Money Plane movie reviewMoney Plane is your typical B-movie action flick about thieves forced to take an impossible job. After the movie’s opening heist goes bad, their backer (Kelsey Grammer) pushes the group into robbing a casino plane full of criminals wagering on anything dumb and/or repulsive. Led by Adam “Edge” Copeland, the team consists of Katrina Norman, Patrick Lamont Jr., and Andrew Lawrence with Thomas Jane as back-up. The modest budget and odd plot twists (some of which make absolutely no sense) are, I guess, to be expected from a movie called Money Plane.

When low-budget films work it’s often on the charisma of its cast or the cleverness of its plot helping to overcome other deficiencies. Sadly, the cast gets no help from the screenplay. Some of the casting works. WWE Superstar Edge does all right for himself in the starring role, and his size is an advantage to several scenes (including the close-quarters fight inside of the plane’s cockpit). I also enjoyed Norman as the team’s resident ass-kicker. And Grammer is obviously enjoying himself playing the film’s heavy. Sadly, the rest of the cast is mostly forgettable.
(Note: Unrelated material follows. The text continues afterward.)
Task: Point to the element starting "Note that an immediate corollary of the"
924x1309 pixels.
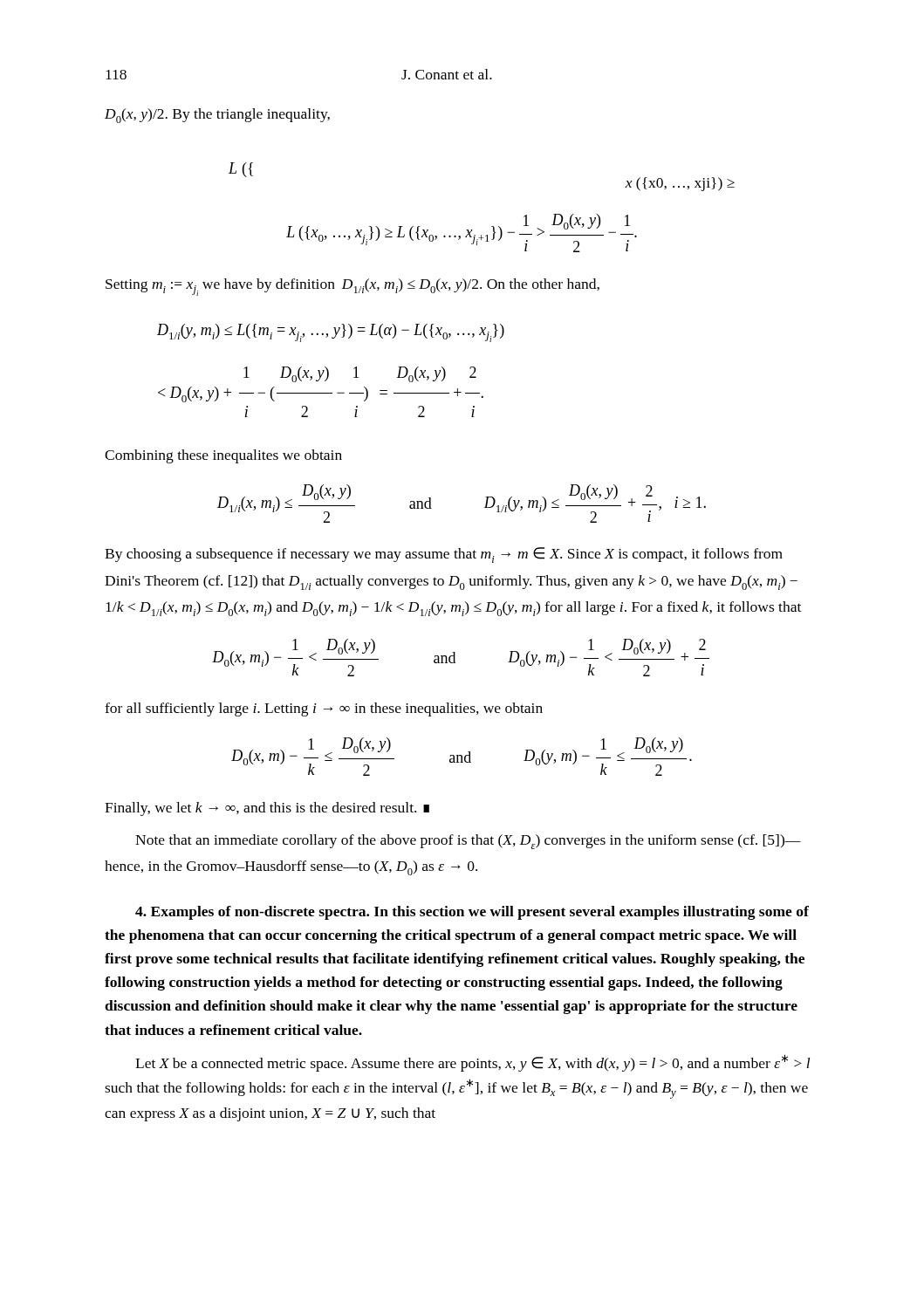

Money Plane knows what it is, and at 82 minutes the film doesn’t overstay it’s welcome. That’s more than I can say of many blockbusters. The film from, directed by, and starring the Lawrence brothers in various roles, is a cheap action flick with plot, character and pacing issues that at times still manages a bit of B-movie charm despite the deficiencies it is working with. Much of plot, starting with the ridiculous idea of the plane in the first place, is awkward, almost none of the twists (or the amazing number of faceless soldiers featured in the film’s third act) make sense, and the heist itself is lackluster compared to what fans of the genre are used to. It’s far from a good film, and isn’t quite cheesy enough to make it a guilty pleasure, but for a straight-to-video release starring a professional wrestler it’s also not the complete trainwreck I was expecting.